The median lifetime radiation dose due to the accident was 18 millisieverts in Zone A, the most contaminated part of the city, the team will report in an upcoming issue of the Journal of Radiological Protection. That’s extremely low considering that the International Commission on Radiological Protection considers a dose of between 1 and 20 millisieverts per year acceptable. Furthermore, 18 millisieverts is less than a person receives naturally over an entire lifetime from radioactive elements in Earth’s crust and high-energy particles bombarding the atmosphere.
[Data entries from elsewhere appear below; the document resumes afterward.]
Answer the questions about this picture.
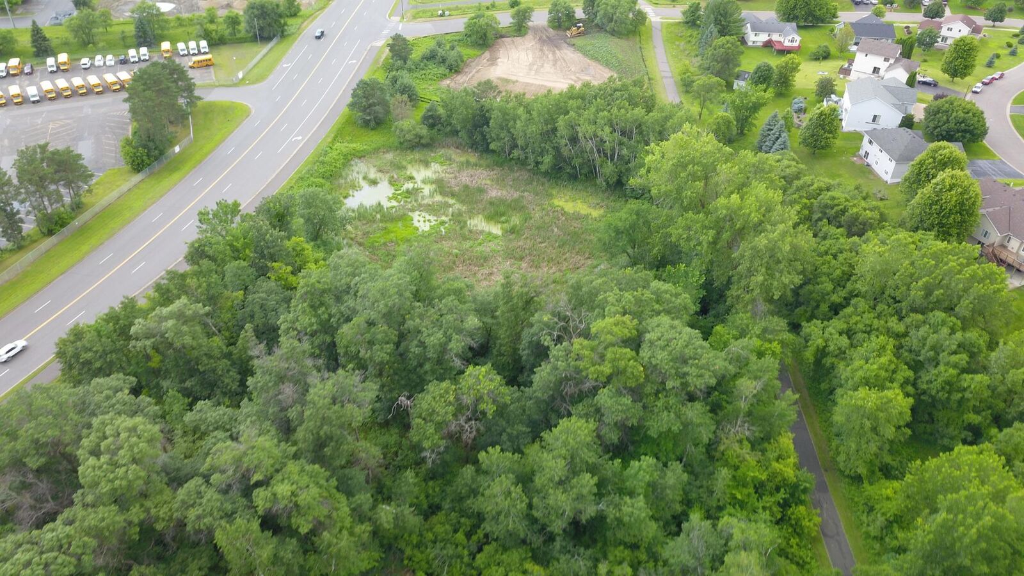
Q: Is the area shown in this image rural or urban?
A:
rural
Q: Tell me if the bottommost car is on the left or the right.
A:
left
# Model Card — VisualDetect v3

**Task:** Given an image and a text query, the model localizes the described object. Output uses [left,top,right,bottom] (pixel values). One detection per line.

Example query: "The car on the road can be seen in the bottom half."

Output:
[0,342,26,364]
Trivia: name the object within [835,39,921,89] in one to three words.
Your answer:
house
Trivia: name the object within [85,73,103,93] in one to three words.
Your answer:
vehicle
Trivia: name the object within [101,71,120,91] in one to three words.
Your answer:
vehicle
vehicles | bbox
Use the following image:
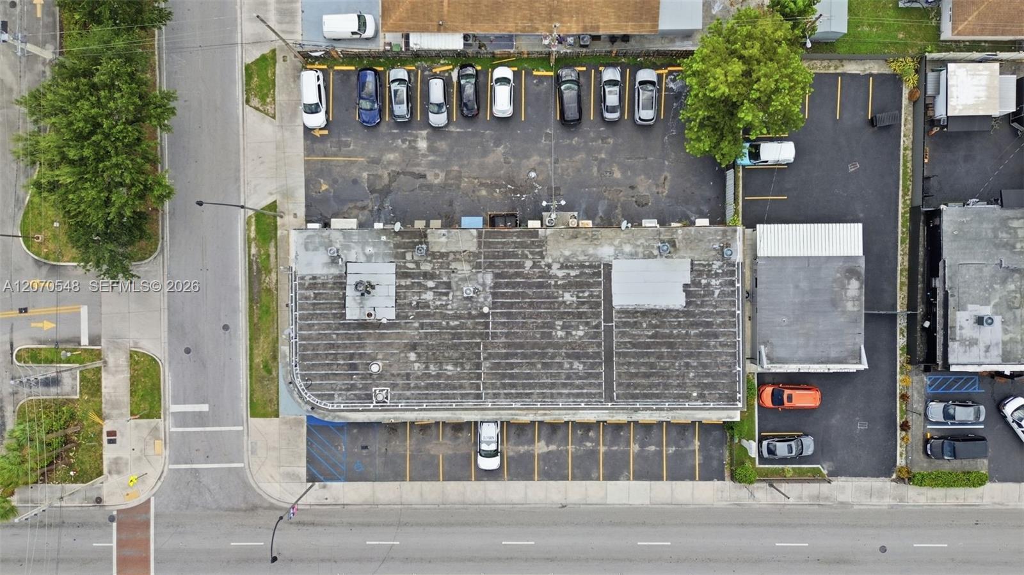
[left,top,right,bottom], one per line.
[923,400,986,426]
[322,11,377,42]
[555,69,583,126]
[355,69,382,127]
[599,68,625,122]
[300,70,328,130]
[425,76,449,128]
[456,66,482,119]
[735,140,795,166]
[757,384,822,411]
[490,67,516,119]
[998,395,1024,447]
[924,434,990,462]
[386,69,413,123]
[633,69,660,126]
[475,421,502,470]
[757,433,813,460]
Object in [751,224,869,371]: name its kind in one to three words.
building
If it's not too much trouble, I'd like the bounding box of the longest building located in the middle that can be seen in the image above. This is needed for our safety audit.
[282,217,746,421]
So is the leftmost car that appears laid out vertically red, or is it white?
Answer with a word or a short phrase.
white

Miyazaki and Hayano also investigated whether costly decontamination efforts such as topsoil removal and roof washing had any measureable impact on radiation levels in Date. Using personal radiation measurements collected by 425 people living in Zone A, the researchers found no evidence of a drop in radiation around the time of the decontamination work, which began in October 2012.
“Population-wise, we didn’t see a big decrease in the individual dose,” says Hayano. That’s not to say that decontamination shouldn’t have been carried out, the researchers note. “There may be individuals or families for whom the decontamination was effective,” he says. But he and Miyazaki conclude that radiation levels fell primarily because the radioactive cesium physically decayed and was washed away by rain and snow.
Kathryn Higley, a certified health physicist at the School of Nuclear Science and Engineering at Oregon State University in Corvallis, isn’t surprised that the decontamination made little difference. Only the areas about people’s houses were decontaminated, she says, and “people do not spend all of their time at home.”
The findings will come as a relief to Date citizens, and to evacuees returning to other parts of Fukushima prefecture. Miyazaki and Hayano also hope their results will help guide the response to future nuclear disasters. “If there’s ever another accident—and we hope there won’t be—[our work] may be useful for estimating lifetime radiation doses and setting the schedule of decontamination,” Miyazaki says.
*Update, 13 March, 1:16 p.m.: The headline of this story has been modified to make it clear that not all of Fukushima may be safe to return to.